··· Records for the task
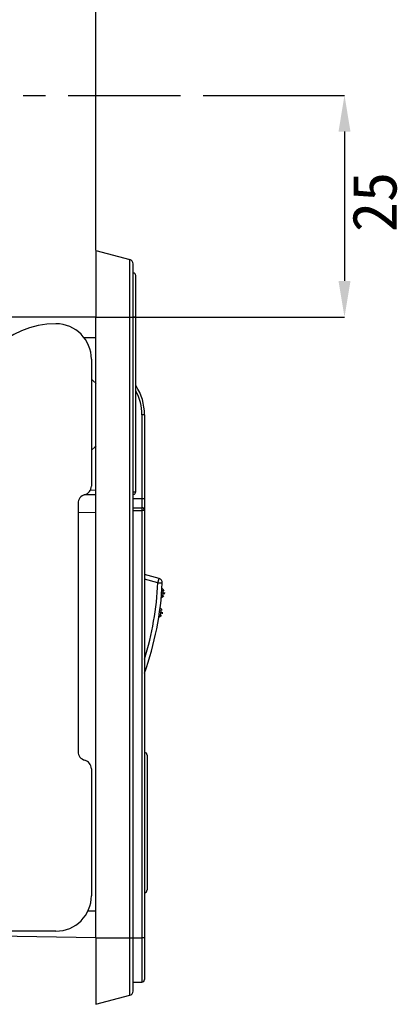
# Model space of a CAD drawing. Header units: millimetres. Extents: x 1140 to 1683, y 113 to 497.
# Tile 6 of 11: x 1394 to 1437, y 278 to 389. Entities that reach past the tile are written whole.
import ezdxf

# ---------------------------------------------------------------- set-up
doc = ezdxf.new("R2010")
doc.units = ezdxf.units.MM
doc.header["$PDSIZE"] = -1
doc.linetypes.add('CENTERX2', pattern=[20.32, 12.7, -2.54, 2.54, -2.54])
doc.layers.add('1轮廓实线层', color=7, linetype='Continuous')
doc.layers.add('3中心线层', color=1, linetype='CENTERX2')
doc.layers.add('尺寸线层', color=3, linetype='Continuous', lineweight=18)
doc.styles.add('SLDTEXTSTYLE0', font='txt', dxfattribs={"width": 0.7})
doc.dimstyles.new('SLDDIMSTYLE0', dxfattribs={"dimtxt": 3.5, "dimasz": 4.08, "dimexe": 0, "dimexo": 0.0625, "dimgap": 0.875, "dimtad": 2, "dimlfac": 2, "dimrnd": 1e-09, "dimzin": 12, "dimdsep": 46, "dimtxsty": 'SLDTEXTSTYLE0', "dimsah": 1, "dimcen": 0.09, "dimadec": 0, "dimazin": 3, "dimtfac": 1, "dimtmove": 0, "dimatfit": 0, "dimfxl": 1, "dimfrac": 2, "dimtolj": 1, "dimtzin": 12, "dimarcsym": 0})

# ---------------------------------------------------------------- blocks, each defined once
blk = doc.blocks.new('_D_4')
at = {"layer": 'Defpoints', "color": 0, "transparency": 16777216}
for p in [(1415.76, 380.75), (1403.96, 355.75), (1430.54, 355.75)]:
    blk.add_point(p, dxfattribs=at)
at = {"layer": '尺寸线层', "color": 0, "lineweight": -2, "transparency": 16777216}
for p, q in [((1415.83, 380.75), (1430.54, 380.75)), ((1430.54, 376.67), (1430.54, 359.83)), ((1404.02, 355.75), (1430.54, 355.75))]:
    blk.add_line(p, q, dxfattribs=at)
at = {"layer": '尺寸线层', "color": 0, "transparency": 16777216}
for points in [[(1429.86, 376.67), (1431.22, 376.67), (1430.54, 380.75)], [(1429.86, 359.83), (1431.22, 359.83), (1430.54, 355.75)]]:
    blk.add_solid(points, dxfattribs=at)
at = {"layer": '尺寸线层', "color": 0, "transparency": 16777216, "insert": (1431.42, 368.74), "char_height": 3.5, "attachment_point": 2, "rotation": 90}
blk.add_mtext('\\A1;{\\fSimSun|b1|i0|c134|p2;\\H1.42857x;25}', dxfattribs=at)
blk = doc.blocks.new('_D_5')
at = {"layer": 'Defpoints', "color": 0, "transparency": 16777216}
for p in [(1402.45, 411.79), (1363.96, 380.75), (1402.45, 363.25)]:
    blk.add_point(p, dxfattribs=at)
at = {"layer": '尺寸线层', "color": 0, "lineweight": -2, "transparency": 16777216}
for p, q in [((1363.96, 380.81), (1363.96, 411.79)), ((1368.04, 411.79), (1398.37, 411.79)), ((1402.45, 363.31), (1402.45, 411.79))]:
    blk.add_line(p, q, dxfattribs=at)
at = {"layer": '尺寸线层', "color": 0, "transparency": 16777216}
for points in [[(1368.04, 412.47), (1368.04, 411.11), (1363.96, 411.79)], [(1398.37, 412.47), (1398.37, 411.11), (1402.45, 411.79)]]:
    blk.add_solid(points, dxfattribs=at)
at = {"layer": '尺寸线层', "color": 0, "transparency": 16777216, "insert": (1384.64, 417.67), "char_height": 3.5, "attachment_point": 2}
blk.add_mtext('\\A1;{\\fSimSun|b1|i0|c134|p2;\\H1.42857x;38.5}', dxfattribs=at)

msp = doc.modelspace()

# ---------------------------------------------------------------- linework, layer by layer
at = {"layer": '1轮廓实线层'}
for p, q in [((1402.453, 363.249), (1406.284, 362.232)), ((1406.284, 355.749), (1406.284, 362.232)), ((1406.655, 355.749), (1406.655, 361.749)), ((1402.453, 355.749), (1387.955, 355.749)), ((1402.453, 355.749), (1406.284, 355.749)), ((1402.455, 285.749), (1402.455, 355.749)), ((1406.284, 285.749), (1406.284, 355.749)), ((1406.284, 355.749), (1406.655, 355.749)), ((1406.655, 285.749), (1406.655, 355.749)), ((1406.955, 336.049), (1406.955, 355.749)), ((1401.113, 353.449), (1402.455, 353.449)), ((1401.955, 350.999), (1401.955, 336.685)), ((1407.655, 344.749), (1407.655, 335.249)), ((1407.955, 344.749), (1407.655, 344.749)), ((1407.955, 344.749), (1407.955, 335.249)), ((1402.455, 335.723), (1401.152, 335.7)), ((1402.455, 336.223), (1401.831, 336.212)), ((1400.455, 334.749), (1400.455, 306.749)), ((1407.655, 335.249), (1406.655, 335.249)), ((1407.655, 335.249), (1407.655, 334.249)), ((1407.955, 335.249), (1407.655, 335.249)), ((1407.955, 335.249), (1407.955, 333.949)), ((1402.455, 333.723), (1400.455, 333.688)), ((1406.655, 334.249), (1407.655, 334.249)), ((1406.655, 333.949), (1407.655, 333.949)), ((1407.655, 334.249), (1407.655, 333.949)), ((1407.655, 333.949), (1407.655, 285.749)), ((1407.955, 333.949), (1407.655, 333.949)), ((1407.955, 333.949), (1407.955, 285.749)), ((1409.593, 326.275), (1407.955, 326.714)), ((1409.464, 325.792), (1407.955, 326.196)), ((1409.464, 325.792), (1409.593, 326.275)), ((1409.464, 325.792), (1409.963, 325.769)), ((1409.949, 322.424), (1409.944, 322.393)), ((1408.255, 306.349), (1408.255, 291.149)), ((1401.955, 304.812), (1401.955, 290.499)), ((1401.515, 288.791), (1402.455, 288.775)), ((1379.903, 286.169), (1402.466, 285.775)), ((1397.955, 286.499), (1388.955, 286.499)), ((1402.453, 285.749), (1406.284, 285.749)), ((1406.284, 279.266), (1406.284, 285.749)), ((1406.284, 285.749), (1406.655, 285.749)), ((1406.655, 279.749), (1406.655, 285.749)), ((1406.655, 285.749), (1407.655, 285.749)), ((1407.955, 285.749), (1407.655, 285.749)), ((1407.655, 285.749), (1407.655, 280.749)), ((1407.955, 285.749), (1407.955, 281.049)), ((1406.655, 280.749), (1407.655, 280.749)), ((1402.453, 278.248), (1406.284, 279.266))]:
    msp.add_line(p, q, dxfattribs=at)
at = {"layer": '1轮廓实线层', "flags": 128}
for points in [[(1401.955, 348.749), (1402.122, 348.618), (1402.493, 348.282)], [(1402.491, 341.214), (1402.384, 341.11), (1401.955, 340.749)]]:
    msp.add_lwpolyline(points, dxfattribs=at)
at = {"layer": '1轮廓实线层'}
for centre, radius, start, end in [((1406.155, 361.749), 0.5, 0, 75.12643), ((1397.955, 344.999), 10, 90, 180), ((1397.955, 350.999), 4, 0, 90), ((1401.955, 344.749), 6, 0, 32.86531), ((1401.955, 344.749), 5.7, 0, 28.25536), ((1400.955, 336.685), 1, 284.47751, 0), ((1401.455, 334.749), 1, 104.47751, 180), ((1407.655, 333.949), 0.3, 0, 90), ((1375.001, 327.4), 34.5, 342.78254, 357.32835), ((1375.001, 327.4), 35, 340.31226, 357.32835), ((1409.464, 325.792), 0.5, 357.32835, 75), ((1405.137, 263.563), 61.245, 85.42788, 85.54817), ((1401.108, 262.093), 60.944, 81.82474, 81.94561), ((1401.455, 306.749), 1, 180, 255.52249), ((1407.955, 306.349), 0.3, 0, 90), ((1400.955, 304.812), 1, 0, 75.52249), ((1407.955, 291.149), 0.3, 270, 0), ((1397.955, 290.499), 4, 270, 0), ((1407.655, 281.049), 0.3, 270, 0), ((1406.155, 279.749), 0.5, 284.87357, 0)]:
    msp.add_arc(centre, radius, start, end, dxfattribs=at)
for points in [[(1402.453, 363.249), (1402.453, 363.222), (1402.453, 363.166), (1402.453, 362.72), (1402.453, 362.026), (1402.453, 361.086), (1402.453, 359.943), (1402.453, 358.638), (1402.453, 357.222), (1402.453, 356.24), (1402.453, 355.749)], [(1406.955, 360.449), (1406.951, 360.488), (1406.942, 360.567), (1406.872, 360.666), (1406.773, 360.735), (1406.695, 360.744), (1406.655, 360.749)], [(1406.955, 355.749), (1406.955, 356.056), (1406.955, 356.672), (1406.955, 357.559), (1406.955, 358.377), (1406.955, 359.093), (1406.955, 359.682), (1406.955, 360.117), (1406.955, 360.396), (1406.955, 360.431), (1406.955, 360.449)], [(1406.955, 355.749), (1406.951, 355.749), (1406.942, 355.749), (1406.872, 355.749), (1406.773, 355.749), (1406.695, 355.749), (1406.655, 355.749)], [(1406.655, 336.049), (1406.695, 336.049), (1406.773, 336.049), (1406.872, 336.049), (1406.942, 336.049), (1406.951, 336.049), (1406.955, 336.049)], [(1406.655, 335.749), (1406.695, 335.753), (1406.773, 335.762), (1406.872, 335.832), (1406.942, 335.931), (1406.951, 336.009), (1406.955, 336.049)], [(1402.453, 285.749), (1402.453, 285.258), (1402.453, 284.276), (1402.453, 282.86), (1402.453, 281.555), (1402.453, 280.411), (1402.453, 279.471), (1402.453, 278.778), (1402.453, 278.332), (1402.453, 278.276), (1402.453, 278.248)]]:
    msp.add_open_spline(points, degree=3, dxfattribs=at)
for points, knots in [([(1410.051, 325.037), (1410.033, 325.053), (1409.996, 325.085), (1409.974, 325.129), (1409.962, 325.151)], [0, 0, 0, 0, 0.4925194, 1, 1, 1, 1]), ([(1409.979, 324.186), (1410.007, 324.204), (1410.062, 324.239), (1410.101, 324.293), (1410.121, 324.32)], [0, 0, 0, 0, 0.4923696, 1, 1, 1, 1]), ([(1410.019, 324.612), (1410.015, 324.557), (1410.006, 324.446), (1409.993, 324.303), (1409.984, 324.214), (1409.98, 324.176), (1409.982, 324.187), (1409.982, 324.187)], [0, 0, 0, 0, 0.2505154, 0.5007735, 0.7503299, 0.9998803, 1, 1, 1, 1]), ([(1410.049, 325.038), (1410.049, 325.031), (1410.048, 325.018), (1410.042, 324.92), (1410.032, 324.779), (1410.023, 324.668), (1410.019, 324.612)], [0, 0, 0, 0, 0.24949692, 0.49912094, 0.74943611, 1, 1, 1, 1]), ([(1410.19, 324.599), (1410.187, 324.599), (1410.181, 324.599), (1410.131, 324.603), (1410.061, 324.609), (1410.019, 324.612)], [0, 0, 0, 0, 0.2768715, 0.5619979, 1, 1, 1, 1]), ([(1410.166, 324.885), (1410.151, 324.915), (1410.12, 324.973), (1410.071, 325.018), (1410.047, 325.039)], [0, 0, 0, 0, 0.5076304, 1, 1, 1, 1]), ([(1410.19, 324.599), (1410.189, 324.586), (1410.187, 324.563), (1410.185, 324.537), (1410.184, 324.518), (1410.182, 324.505), (1410.182, 324.503), (1410.182, 324.503)], [0, 0, 0, 0, 0.2423516, 0.456527, 0.6054724, 0.7914337, 1, 1, 1, 1]), ([(1410.198, 324.694), (1410.198, 324.695), (1410.198, 324.697), (1410.197, 324.689), (1410.196, 324.675), (1410.195, 324.656), (1410.193, 324.63), (1410.191, 324.609), (1410.19, 324.599)], [0, 0, 0, 0, 0.0301601, 0.2598217, 0.4316768, 0.5783003, 0.7919241, 1, 1, 1, 1]), ([(1409.878, 324.089), (1409.892, 324.109), (1409.922, 324.148), (1409.963, 324.175), (1409.983, 324.188)], [0, 0, 0, 0, 0.5074806, 1, 1, 1, 1]), ([(1409.708, 321.993), (1409.737, 322.009), (1409.794, 322.041), (1409.836, 322.092), (1409.858, 322.118)], [0, 0, 0, 0, 0.4923871, 1, 1, 1, 1]), ([(1409.775, 322.417), (1409.768, 322.369), (1409.756, 322.287), (1409.741, 322.189), (1409.73, 322.12), (1409.721, 322.062), (1409.713, 322.013), (1409.709, 321.988), (1409.71, 321.995), (1409.71, 321.995)], [0, 0, 0, 0, 0.2168066, 0.3695874, 0.4938474, 0.6185517, 0.7718965, 0.9915898, 1, 1, 1, 1]), ([(1409.833, 322.839), (1409.816, 322.856), (1409.782, 322.891), (1409.762, 322.936), (1409.752, 322.959)], [0, 0, 0, 0, 0.4925194, 1, 1, 1, 1]), ([(1409.832, 322.84), (1409.831, 322.834), (1409.829, 322.821), (1409.817, 322.723), (1409.798, 322.583), (1409.783, 322.472), (1409.775, 322.417)], [0, 0, 0, 0, 0.2493944, 0.4989452, 0.7492777, 1, 1, 1, 1]), ([(1409.944, 322.393), (1409.942, 322.393), (1409.936, 322.394), (1409.885, 322.401), (1409.816, 322.411), (1409.775, 322.417)], [0, 0, 0, 0, 0.2768715, 0.5619979, 1, 1, 1, 1]), ([(1409.938, 322.681), (1409.925, 322.711), (1409.899, 322.772), (1409.852, 322.819), (1409.83, 322.842)], [0, 0, 0, 0, 0.5076302, 1, 1, 1, 1]), ([(1409.944, 322.393), (1409.943, 322.38), (1409.939, 322.357), (1409.935, 322.331), (1409.933, 322.312), (1409.931, 322.299), (1409.931, 322.297), (1409.93, 322.297)], [0, 0, 0, 0, 0.2449796, 0.4602156, 0.6091784, 0.794181, 1, 1, 1, 1]), ([(1409.958, 322.488), (1409.958, 322.489), (1409.958, 322.491), (1409.957, 322.483), (1409.955, 322.469), (1409.953, 322.45), (1409.949, 322.424), (1409.946, 322.403), (1409.944, 322.393)], [0, 0, 0, 0, 0.03071029, 0.2592513, 0.43030556, 0.57668353, 0.79059522, 1, 1, 1, 1]), ([(1409.601, 321.903), (1409.617, 321.922), (1409.648, 321.959), (1409.691, 321.983), (1409.712, 321.995)], [0, 0, 0, 0, 0.5074828, 1, 1, 1, 1])]:
    msp.add_open_spline(points, degree=3, knots=knots, dxfattribs=at)
at = {"layer": '3中心线层'}
msp.add_line((1338.366, 380.749), (1415.765, 380.749), dxfattribs=at)

# ---------------------------------------------------------------- dimensions: what is measured, and where the dimension line sits
at = {"layer": '尺寸线层'}
dim = msp.add_linear_dim(base=(1402.453, 411.791), p1=(1363.955, 380.749), p2=(1402.453, 363.249), text='{\\fSimSun|b1|i0|c134|p2;\\H1.42857x;<>}', dimstyle='SLDDIMSTYLE0', override={"dimlfac": 1, "dimtxsty": 'Standard'}, dxfattribs=at)
dim.commit()
dim.dimension.update_dxf_attribs({"geometry": '_D_5', "text_midpoint": (1384.64, 411.791), "dimtype": 160})
dim = msp.add_linear_dim(base=(1430.543, 355.749), p1=(1415.765, 380.749), p2=(1403.955, 355.749), angle=90, text='{\\fSimSun|b1|i0|c134|p2;\\H1.42857x;<>}', dimstyle='SLDDIMSTYLE0', override={"dimlfac": 1, "dimtxsty": 'Standard'}, dxfattribs=at)
dim.commit()
dim.dimension.update_dxf_attribs({"geometry": '_D_4', "text_midpoint": (1430.543, 368.745), "dimtype": 160})

doc.saveas('drawing.dxf')
······
[What is needed]:
This exercise needs every line of the listing that contains the word "start".

[Reply to the exercise]:
for centre, radius, start, end in [((1406.155, 361.749), 0.5, 0, 75.12643), ((1397.955, 344.999), 10, 90, 180), ((1397.955, 350.999), 4, 0, 90), ((1401.955, 344.749), 6, 0, 32.86531), ((1401.955, 344.749), 5.7, 0, 28.25536), ((1400.955, 336.685), 1, 284.47751, 0), ((1401.455, 334.749), 1, 104.47751, 180), ((1407.655, 333.949), 0.3, 0, 90), ((1375.001, 327.4), 34.5, 342.78254, 357.32835), ((1375.001, 327.4), 35, 340.31226, 357.32835), ((1409.464, 325.792), 0.5, 357.32835, 75), ((1405.137, 263.563), 61.245, 85.42788, 85.54817), ((1401.108, 262.093), 60.944, 81.82474, 81.94561), ((1401.455, 306.749), 1, 180, 255.52249), ((1407.955, 306.349), 0.3, 0, 90), ((1400.955, 304.812), 1, 0, 75.52249), ((1407.955, 291.149), 0.3, 270, 0), ((1397.955, 290.499), 4, 270, 0), ((1407.655, 281.049), 0.3, 270, 0), ((1406.155, 279.749), 0.5, 284.87357, 0)]:
    msp.add_arc(centre, radius, start, end, dxfattribs=at)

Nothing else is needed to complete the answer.